The Group f/64 movement is a huge personal influence. Seeing photographs from the members of the f/64 group immediately awakened my interest in photography and drove me to my first camera purchase, and eventually to a view camera and darkroom. The intense, sharp reality and lack of artistic pretentions in the photographs presented to me a vision that I could become emotionally involved in.
The Group f/64 movement was a direct reaction to Pictorialism which had infested photography with it's high brow artistic pretentions with blurred images, brush strokes added to photos and the feeling that photography could never be like painting. Pictorialism seemed like an expression by individuals who were frustrated painters dabbling in another artistic medium that I do not even think they thought of as really artistic, photography. Their attempts seemed artificial and superficial and even arrogant to the point of calling themselves "artists". The f/64 's mission was summed up perfectly by Edward Weston. "The camera should be used for a recording of life, for rendering the very substance and quintessence of the thing itself, whether it be polished steel or palpitating flesh." The photograph should be a perfectly sharp instrument to display the real natural and human life resulting in attempts to achieve the ultimate depth of field, thus the name f/64. That sharp reality can reveal more of what human life is and even more of what is hidden. The natural world can be presented also in a sharp reality conveying the beautiful and the brutality in such a realistic vision, that any attempts to soften the impact result in a creative and artistic fraud. The contours, texture, curves and intrusions must be recorded in the sharpest manner to achieve the fullest expression of creative and emotional visions. That is why glossy papers were used instead of mat paper.
I remember the critics of Ansel Adams exhibitions proclaiming his prints were bordering on boredom and the critic did not have the imagination, character nor the emotional capability to sense the purpose of this creative vision. The sharp reality bares the soul of humanity and the natural environment around us. The critic was looking for artistic tricks in the photograph to point out how artistically aware he is.
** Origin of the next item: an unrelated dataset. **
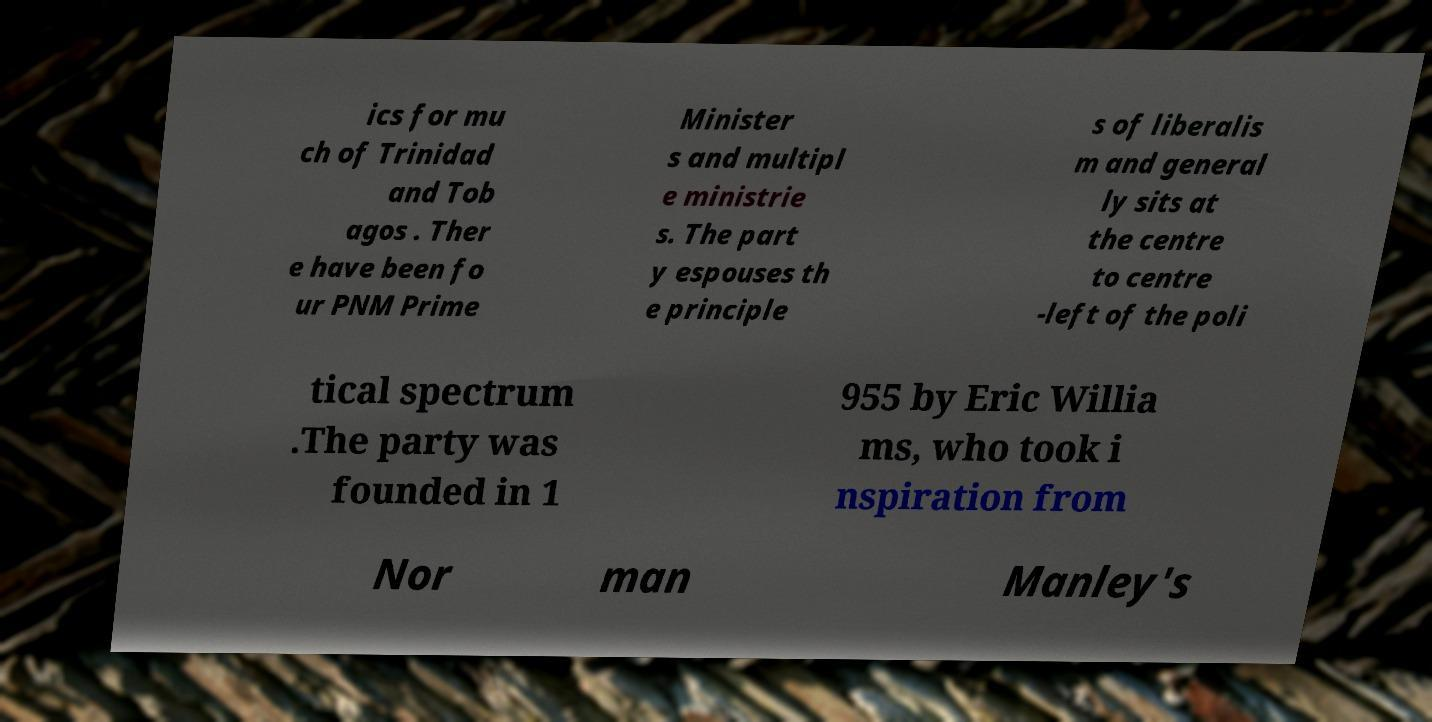Could you extract and type out the text from this image? ics for mu ch of Trinidad and Tob agos . Ther e have been fo ur PNM Prime Minister s and multipl e ministrie s. The part y espouses th e principle s of liberalis m and general ly sits at the centre to centre -left of the poli tical spectrum .The party was founded in 1 955 by Eric Willia ms, who took i nspiration from Nor man Manley's 
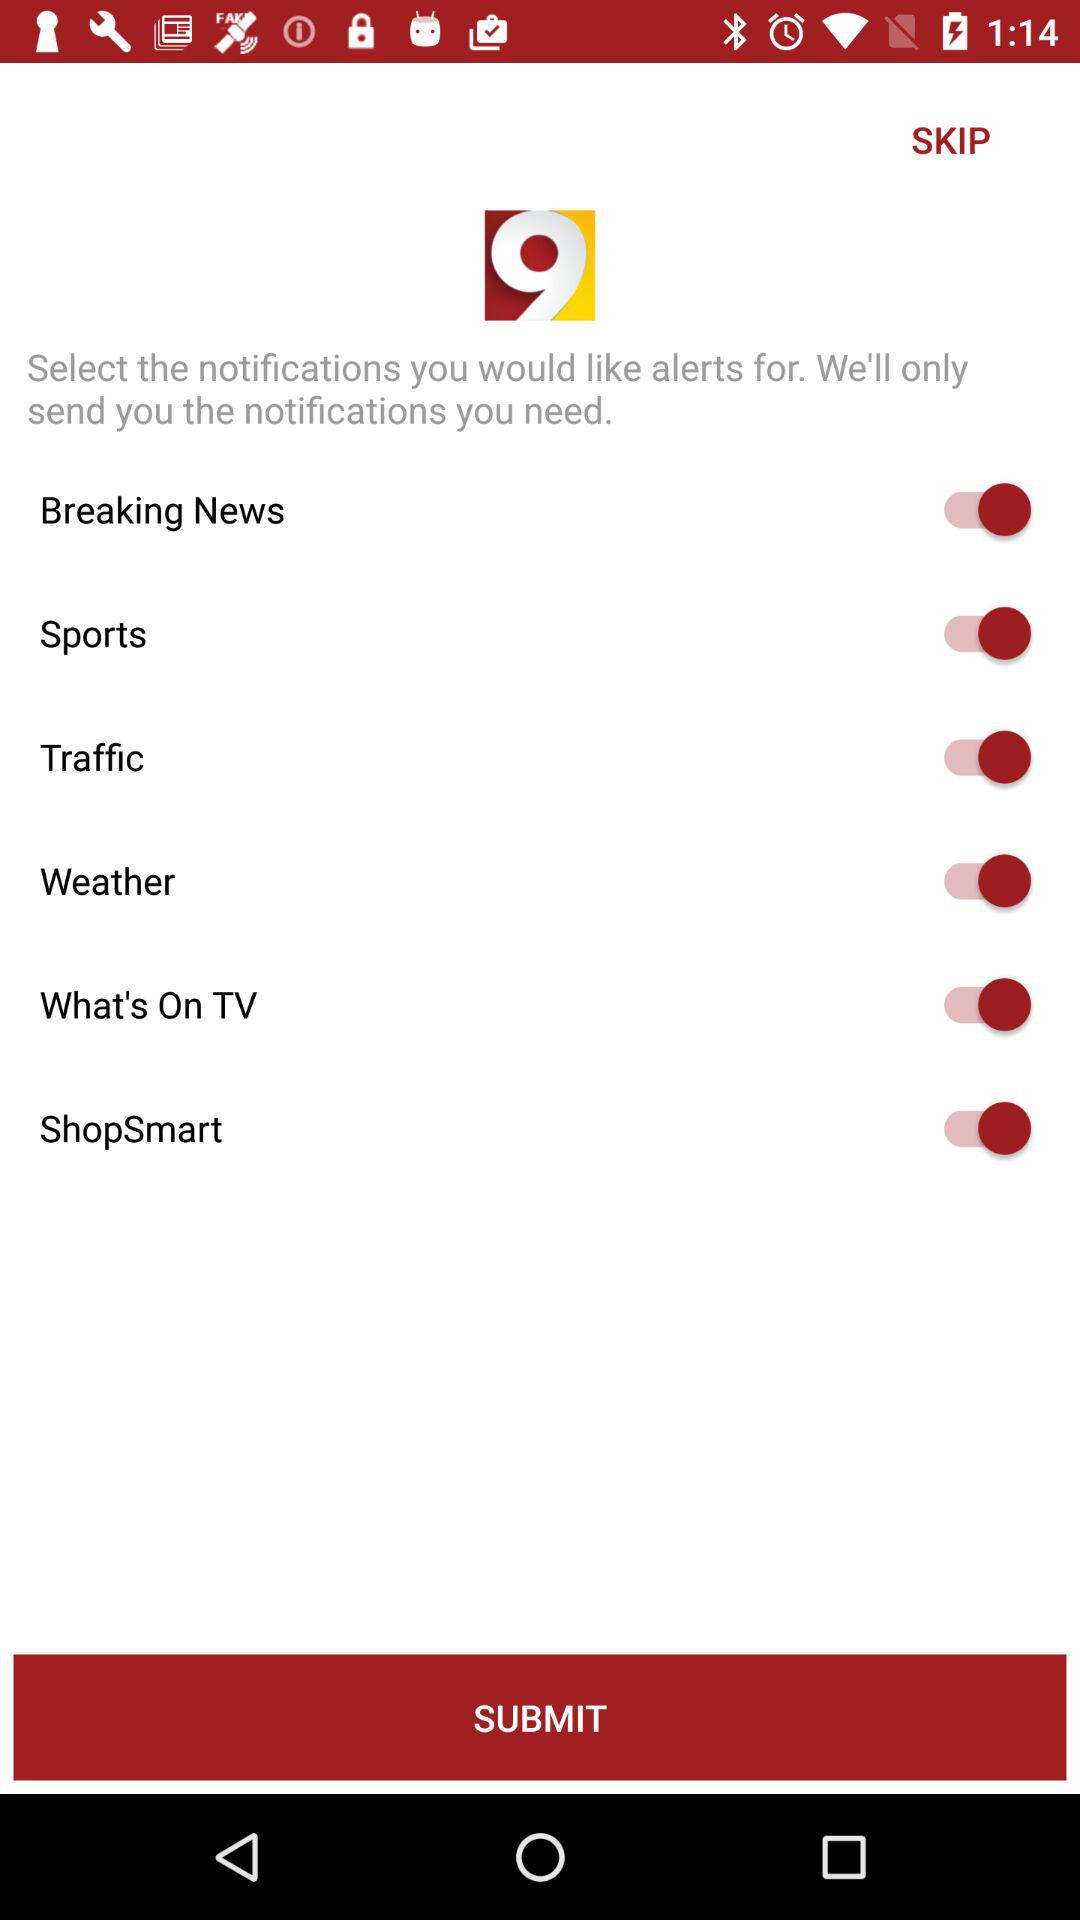What is the status of "Breaking News"? The status is "on".

His simple vanity excludes any comprehension beyond this undeveloped attitude. Surrealism and the Group f/64 movement were drawn more alike in their visions to destroy the blur of fancy artistic expressions which hide the real reality. The emotional response from viewing the depictions of sharp reality provide the real and limitless response and reactions. There are certainly more then one way to view this sharp reality which offers an unlimited number of responses dependent on the personality, character and morality of the viewer.
Ansel Adams, Edward Weston and Brett Weston are the most famous of the photographers within the f/64 group and seeing Brett and Edward Weston's prints in exhibition and is what drove me into photography.